Need to request publication
The NSC suggests that maybe Williams was wrong and that there was a privacy interest, but since the autopsies are already out there, Scotti's decision was whackadoodle. Wonder what that means for the Williams appeal?
There is a privacy interest. Williams recognized that there is a privacy interest that was protected by redaction when balanced against the competing rights. Scotti's Order to unring the bell is nutty.
Race to the bottom: Scotti and Hardy (with Tierra not able to keep up with how bad these 2 are).
What's the privacy interest? The Supreme Court said it assumed without deciding there was a legally protectable privacy interest.
Yeah if anything the opinion seemed skeptical that there was a privacy interest, noting the redactions.
Even if there weren't redactions, what's the privacy interest? Dead people generally don't have privacy interests, do they?
Eh, not an issue I have dealt with, but I imagine estates could. Estates can have all kinds of interests (like, e.g., IP interests) that dead people don't have as a practical matter.
3:07 — RIGHT OF PUBLICITY: Most legislatures have adopted a term of years after the death of the celebrity, ranging from 20 years (in Virginia) to 100 years (Indiana and Oklahoma). One state, Tennessee, allows the right to last indefinitely, as long as it is being exploited (see Elvis Presley).
Right of publicity (right to commercially exploit a person's name and likeness) is very different than rights of privacy for decedents.
I think the argument was an autopsy contains personal medical information that children of the deceased have an interest in keeping confidential.
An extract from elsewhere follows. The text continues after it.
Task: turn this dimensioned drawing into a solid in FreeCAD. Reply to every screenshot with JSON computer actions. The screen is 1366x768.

Children of the deceased have no privacy interest in someone else's autopsy. It is not their medical information being published.
Interesting forthcoming opinion:
•69410/69896 – Dezzani v. Kern & Assocs., Ltd.
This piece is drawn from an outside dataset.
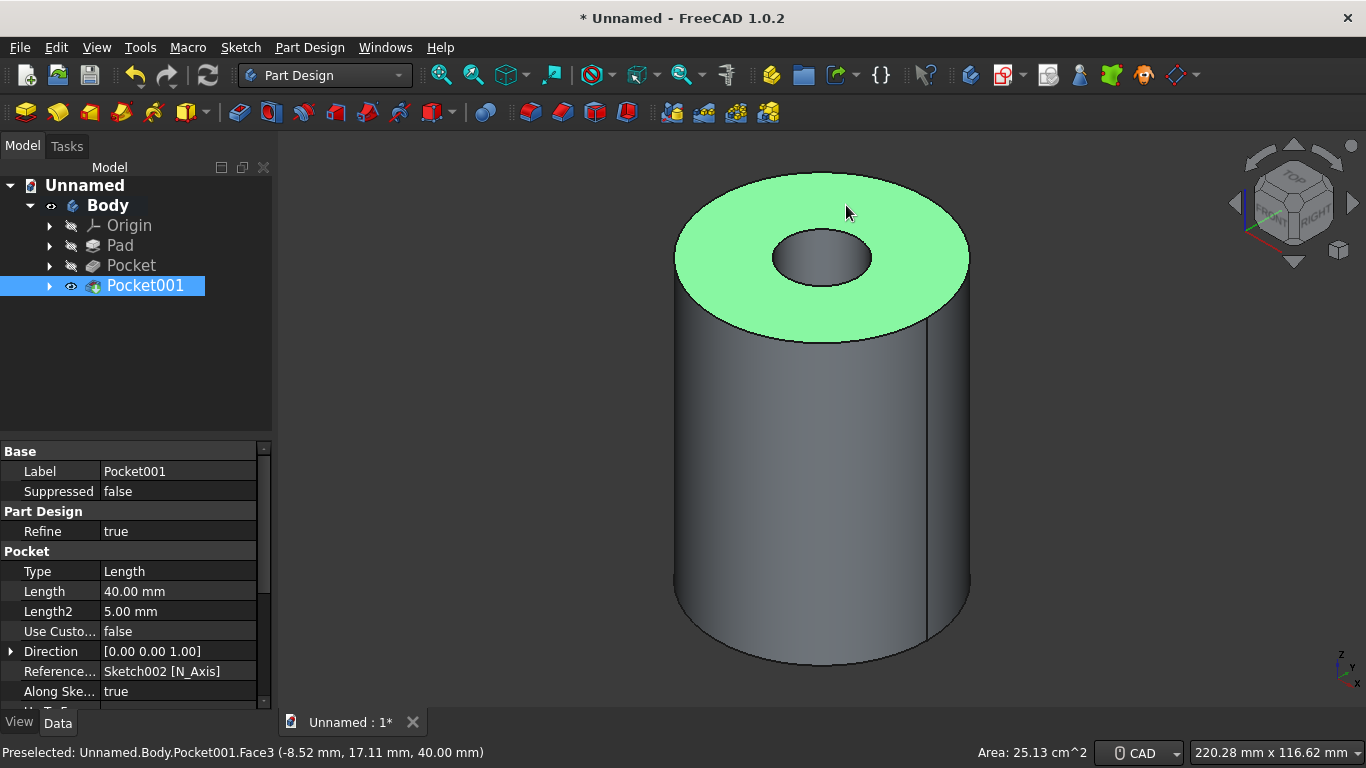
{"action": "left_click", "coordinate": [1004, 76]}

First time that I have seen the NSC vacate an CoA Opinion and agree to issue a de novo Opinion.
All the usual characters were in court at today's Fontainebleau hearing in front of Judge Allf.
such as?
Voldemort?
Lol @ the Stubbs order on Facebook
Last day to pay bar dues without a late fee, and the NV Bar site crashes just after everyone at the SBN office has left for the day.